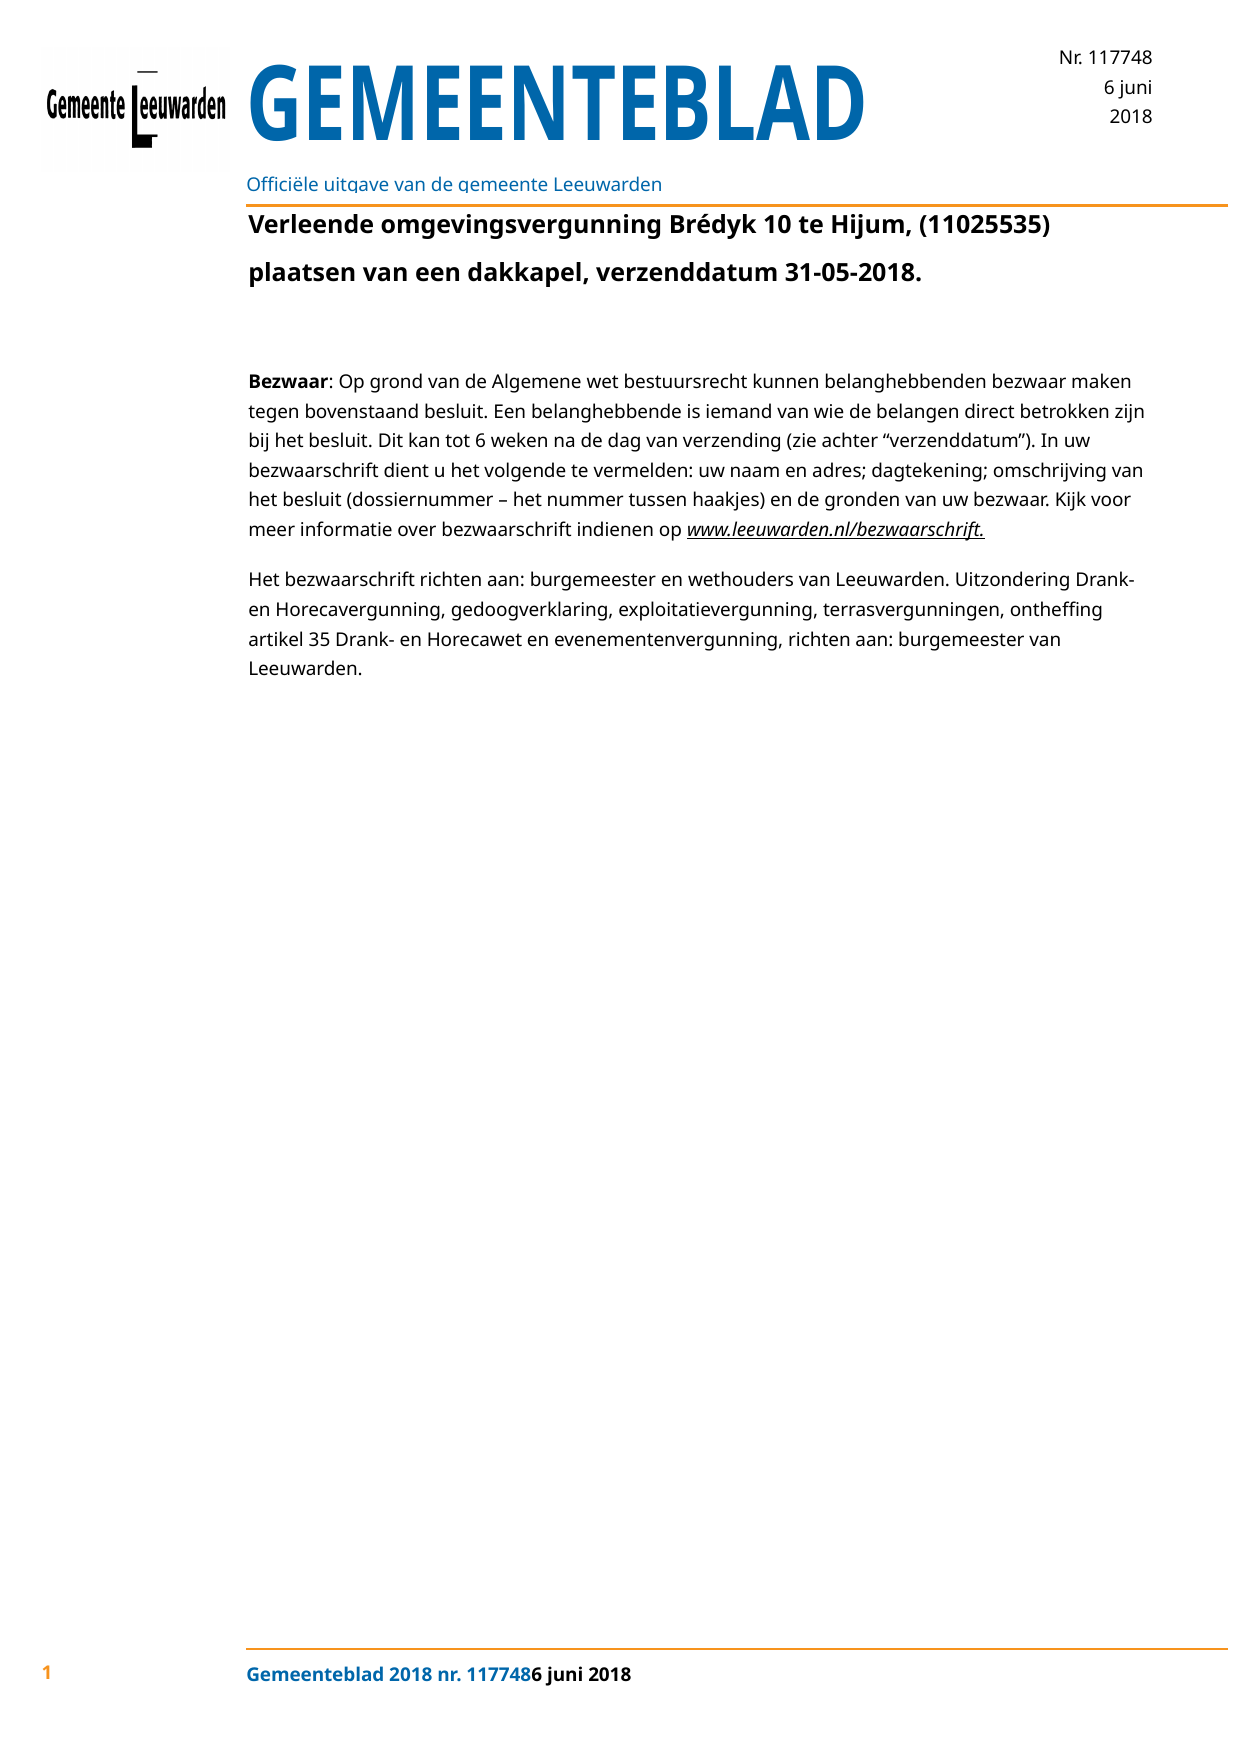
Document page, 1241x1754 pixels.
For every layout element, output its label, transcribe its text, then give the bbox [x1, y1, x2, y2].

text Verleende omgevingsvergunning Brédyk 10 te Hijum, (11025535) plaatsen van een dakkapel, verzenddatum 31-05-2018. [248, 207, 1152, 288]
text Bezwaar: Op grond van de Algemene wet bestuursrecht kunnen belanghebbenden bezwaar maken tegen bovenstaand besluit. Een belanghebbende is iemand van wie de belangen direct betrokken zijn bij het besluit. Dit kan tot 6 weken na de dag van verzending (zie achter “verzenddatum”). In uw bezwaarschrift dient u het volgende te vermelden: uw naam en adres; dagtekening; omschrijving van het besluit (dossiernummer – het nummer tussen haakjes) en de gronden van uw bezwaar. Kijk voor meer informatie over bezwaarschrift indienen op www.leeuwarden.nl/bezwaarschrift. [248, 368, 1152, 542]
picture [41, 47, 231, 172]
text Het bezwaarschrift richten aan: burgemeester en wethouders van Leeuwarden. Uitzondering Drank- en Horecavergunning, gedoogverklaring, exploitatievergunning, terrasvergunningen, ontheffing artikel 35 Drank- en Horecawet en evenementenvergunning, richten aan: burgemeester van Leeuwarden. [248, 567, 1152, 681]

-=-=-=-=-

▸ WORK TASK
Return exactly the lines in the records above, beginning with the one that holds "picture [41, 47, 231, 172]" and ending with the last.

▸ RESULT OF THE EXERCISE
picture [41, 47, 231, 172]
text Het bezwaarschrift richten aan: burgemeester en wethouders van Leeuwarden. Uitzondering Drank- en Horecavergunning, gedoogverklaring, exploitatievergunning, terrasvergunningen, ontheffing artikel 35 Drank- en Horecawet en evenementenvergunning, richten aan: burgemeester van Leeuwarden. [248, 567, 1152, 681]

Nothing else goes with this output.